Siamo dunque alla fine della prima tappa del viaggio verso la realizzazione del Deposito Nazionale: attendiamo la CNAI e vediamo chi resterà nella rete fra i Comuni in ballo.
La politica nicchia, molti sindaci sembrano disinteressati; per ore la bandiera del dissenso è in mano ai Comitati e alle Associazioni, e ad alcuni sindaci coraggiosi.
Tutti troppo soli e in condizioni di inaccettabile disparità.
La strada giudiziaria si profila all’orizzonte come unico ed estremo mezzo per poter fronteggiare soluzioni ritenute ingiuste.
I tempi sono sempre più ristretti per poter coordinare azioni concrete e comuni.
Ma l’Italia è pur sempre una Repubblica in cui la libertà e i diritti possono essere difesi specie se fondati su giuste ragioni. E alla fine occorre credere anche nella politica di alto rilievo o quanto meno in quei rappresentanti dello Stato che possono assumere decisioni difficili e coraggiose basate sull’equilibrio più corretto fra legge, tecnicismo, interesse nazionale ma anche rispetto delle minoranze.
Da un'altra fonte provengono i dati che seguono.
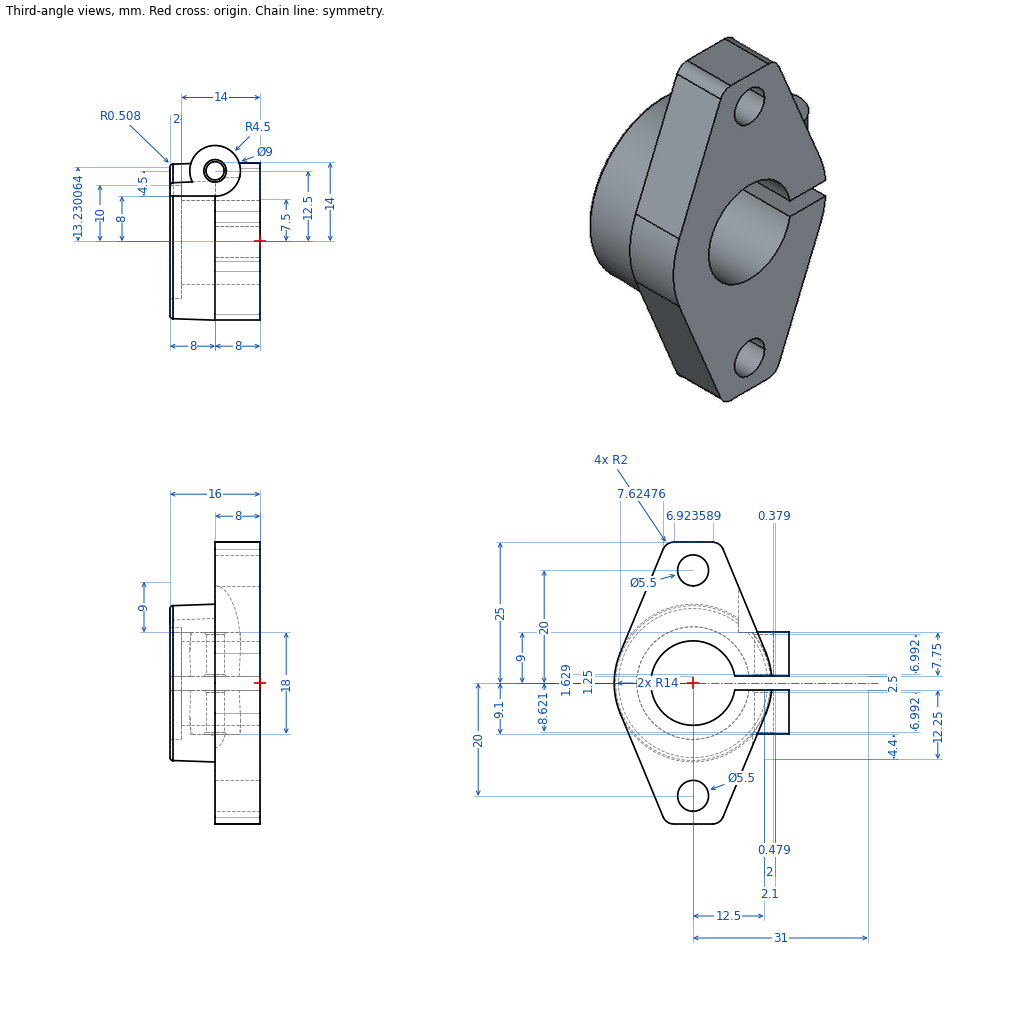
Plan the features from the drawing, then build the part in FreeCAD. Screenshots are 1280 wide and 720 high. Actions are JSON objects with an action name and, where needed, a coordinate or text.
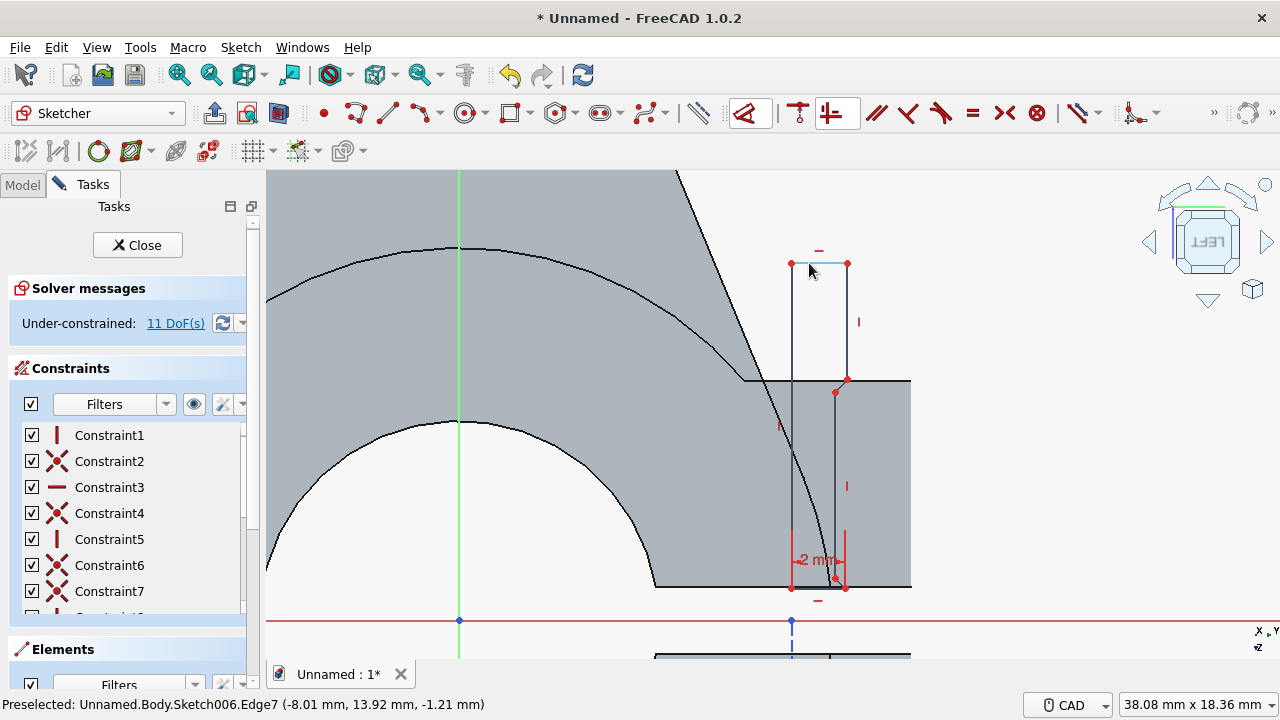
{"action": "left_click", "coordinate": [809, 263]}

A volte chiamare in causa i potenti della politica che conta, direttamente, senza intermediari, nella consapevolezza delle proprie giuste ragioni, può assumere un significato etico e pratico di gran lunga superiore rispetto alla intermediazione della politica territoriale e alla pratica della opposizione giudiziaria. A volte un appello giusto e sorretto dalla volontà e dalla franchezza dei rappresentanti dei territori può anche ottenere successo e riequilibrare ingiustizie. A questo servono i vertici dello Stato: a volte sono chiamati o potrebbero essere chiamati a decisioni non intermediate dagli organi istituzionali ma direttamente richieste da chi si trova a subire situazioni ingiuste. In questo si può anche credere e sperare.